Monday, June 28, 2010


I found a copy of Robert Graves' Greek Gods and Heroes today at the dump here in Cape Elizabeth, Me. That was the only place so far that I've see any pigeons in this state. In the strange shelter where you drop your trash they were playing an ear thrashing recording of some electronic avian in order to keep the scavenging birds away. We asked what the noise was, thinking at first that it was some sort of actual bird trapped within the building's corrugated metal walls, and were told by a man working the site that it was his perpetual headache, a noise that only served to attract what it was designed to deter.

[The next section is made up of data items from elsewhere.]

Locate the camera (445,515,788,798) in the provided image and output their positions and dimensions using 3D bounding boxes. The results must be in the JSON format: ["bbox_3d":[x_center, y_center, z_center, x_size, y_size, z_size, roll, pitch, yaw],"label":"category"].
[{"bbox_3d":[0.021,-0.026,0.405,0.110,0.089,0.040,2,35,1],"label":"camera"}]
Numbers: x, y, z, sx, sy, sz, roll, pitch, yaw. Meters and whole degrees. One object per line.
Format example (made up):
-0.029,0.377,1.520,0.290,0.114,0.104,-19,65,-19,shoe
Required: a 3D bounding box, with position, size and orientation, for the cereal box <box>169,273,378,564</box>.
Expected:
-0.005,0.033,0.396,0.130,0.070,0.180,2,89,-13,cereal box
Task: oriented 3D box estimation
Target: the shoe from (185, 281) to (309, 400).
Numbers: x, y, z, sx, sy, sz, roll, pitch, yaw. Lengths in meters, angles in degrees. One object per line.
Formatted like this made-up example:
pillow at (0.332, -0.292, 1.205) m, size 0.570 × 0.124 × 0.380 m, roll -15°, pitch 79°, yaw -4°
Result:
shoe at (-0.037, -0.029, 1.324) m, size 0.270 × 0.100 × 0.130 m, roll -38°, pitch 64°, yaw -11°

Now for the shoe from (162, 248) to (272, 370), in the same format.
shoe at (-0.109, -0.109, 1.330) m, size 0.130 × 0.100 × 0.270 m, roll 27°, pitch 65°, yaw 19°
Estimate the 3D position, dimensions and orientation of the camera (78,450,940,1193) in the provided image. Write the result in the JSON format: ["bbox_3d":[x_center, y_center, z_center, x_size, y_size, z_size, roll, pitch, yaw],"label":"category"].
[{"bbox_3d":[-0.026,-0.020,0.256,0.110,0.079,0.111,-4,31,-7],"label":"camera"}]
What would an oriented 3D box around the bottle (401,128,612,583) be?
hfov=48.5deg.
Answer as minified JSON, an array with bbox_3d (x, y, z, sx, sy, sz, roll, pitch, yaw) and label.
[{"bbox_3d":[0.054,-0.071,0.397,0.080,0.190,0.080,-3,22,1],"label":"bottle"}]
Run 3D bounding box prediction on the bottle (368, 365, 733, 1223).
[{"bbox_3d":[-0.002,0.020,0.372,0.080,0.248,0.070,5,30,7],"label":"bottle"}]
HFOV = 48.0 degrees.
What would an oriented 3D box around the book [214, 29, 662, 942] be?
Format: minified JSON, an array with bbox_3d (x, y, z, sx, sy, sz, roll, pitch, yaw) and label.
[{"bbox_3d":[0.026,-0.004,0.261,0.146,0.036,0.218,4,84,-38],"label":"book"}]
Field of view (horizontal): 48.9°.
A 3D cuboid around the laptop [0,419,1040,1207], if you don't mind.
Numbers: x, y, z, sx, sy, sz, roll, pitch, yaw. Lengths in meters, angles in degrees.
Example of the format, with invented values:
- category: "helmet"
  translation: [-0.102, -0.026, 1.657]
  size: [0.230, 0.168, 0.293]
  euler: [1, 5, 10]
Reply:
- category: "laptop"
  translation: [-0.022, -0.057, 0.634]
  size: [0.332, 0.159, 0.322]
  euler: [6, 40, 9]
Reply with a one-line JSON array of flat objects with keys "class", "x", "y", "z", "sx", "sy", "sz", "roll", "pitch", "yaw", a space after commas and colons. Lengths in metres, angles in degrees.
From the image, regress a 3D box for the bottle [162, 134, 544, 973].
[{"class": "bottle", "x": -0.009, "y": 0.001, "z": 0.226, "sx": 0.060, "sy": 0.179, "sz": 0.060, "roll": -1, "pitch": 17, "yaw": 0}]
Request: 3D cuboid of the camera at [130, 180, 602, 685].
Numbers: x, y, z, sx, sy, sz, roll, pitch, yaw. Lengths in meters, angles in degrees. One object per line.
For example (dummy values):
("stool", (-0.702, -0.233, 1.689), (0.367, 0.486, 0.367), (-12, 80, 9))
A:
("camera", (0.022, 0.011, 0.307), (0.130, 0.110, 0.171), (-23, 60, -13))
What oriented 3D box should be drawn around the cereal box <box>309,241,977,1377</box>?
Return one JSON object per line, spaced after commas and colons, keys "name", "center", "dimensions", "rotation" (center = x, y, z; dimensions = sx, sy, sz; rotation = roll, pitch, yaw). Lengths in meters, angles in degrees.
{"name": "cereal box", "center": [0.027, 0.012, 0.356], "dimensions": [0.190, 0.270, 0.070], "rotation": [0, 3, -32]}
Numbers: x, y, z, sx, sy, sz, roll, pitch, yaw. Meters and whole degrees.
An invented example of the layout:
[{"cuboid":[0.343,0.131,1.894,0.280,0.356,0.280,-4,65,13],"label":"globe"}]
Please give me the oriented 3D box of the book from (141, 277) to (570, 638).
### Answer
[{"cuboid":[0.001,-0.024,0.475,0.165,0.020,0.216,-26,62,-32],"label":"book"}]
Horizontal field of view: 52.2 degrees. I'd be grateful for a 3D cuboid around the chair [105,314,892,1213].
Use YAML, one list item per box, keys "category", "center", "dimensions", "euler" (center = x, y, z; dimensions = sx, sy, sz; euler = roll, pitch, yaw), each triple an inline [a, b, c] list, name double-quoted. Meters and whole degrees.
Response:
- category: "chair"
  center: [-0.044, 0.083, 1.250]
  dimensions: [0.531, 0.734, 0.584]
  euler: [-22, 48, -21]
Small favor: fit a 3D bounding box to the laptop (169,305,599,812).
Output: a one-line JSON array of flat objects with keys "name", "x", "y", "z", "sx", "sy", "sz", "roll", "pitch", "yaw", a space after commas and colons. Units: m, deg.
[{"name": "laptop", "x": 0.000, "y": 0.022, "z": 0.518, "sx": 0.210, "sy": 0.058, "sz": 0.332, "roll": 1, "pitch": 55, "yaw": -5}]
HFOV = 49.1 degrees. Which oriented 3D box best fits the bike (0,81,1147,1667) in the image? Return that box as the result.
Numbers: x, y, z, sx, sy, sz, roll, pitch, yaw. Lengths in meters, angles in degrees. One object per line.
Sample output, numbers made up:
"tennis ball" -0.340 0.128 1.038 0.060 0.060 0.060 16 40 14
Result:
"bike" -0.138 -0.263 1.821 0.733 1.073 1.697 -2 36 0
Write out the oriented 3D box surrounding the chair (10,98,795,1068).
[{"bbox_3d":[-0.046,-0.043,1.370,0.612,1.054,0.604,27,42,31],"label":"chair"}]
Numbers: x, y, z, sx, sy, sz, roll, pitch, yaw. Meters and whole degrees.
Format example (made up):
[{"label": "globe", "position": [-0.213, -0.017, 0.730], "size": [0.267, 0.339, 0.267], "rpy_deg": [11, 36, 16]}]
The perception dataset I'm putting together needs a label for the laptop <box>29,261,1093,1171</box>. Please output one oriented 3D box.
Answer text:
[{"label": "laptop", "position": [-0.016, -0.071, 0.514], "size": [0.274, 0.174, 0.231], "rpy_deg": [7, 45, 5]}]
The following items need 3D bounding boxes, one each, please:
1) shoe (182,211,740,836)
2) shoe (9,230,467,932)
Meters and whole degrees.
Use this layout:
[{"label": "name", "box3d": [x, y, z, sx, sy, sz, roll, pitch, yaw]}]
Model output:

Tonight the small Graves volume was bedtime reading. I came across "Melampus and Phylacus", a surprisingly cheerful Greek myth. This was welcome because it wasn't so cheerful when King Midas killed himself in embarrassment over his ass ears. Melampus caught my attention because it has the same message as Grimm 17, The White Snake, a theme that startles me because it seems to speak of some kind of snake dependent reverse fall .

One day Melampus of Pylus prevented his servants from killing a brood of snakes, whose mother had been run over by a cart. In gratitude, the little snakes wriggled into his bed while he slept and licked his ears with their forked tongues. Melampus woke up and found that he could understand the language of birds and insects. Though disappointed to find how dull their conversations usually were, he sometimes overheard most interesting secrets.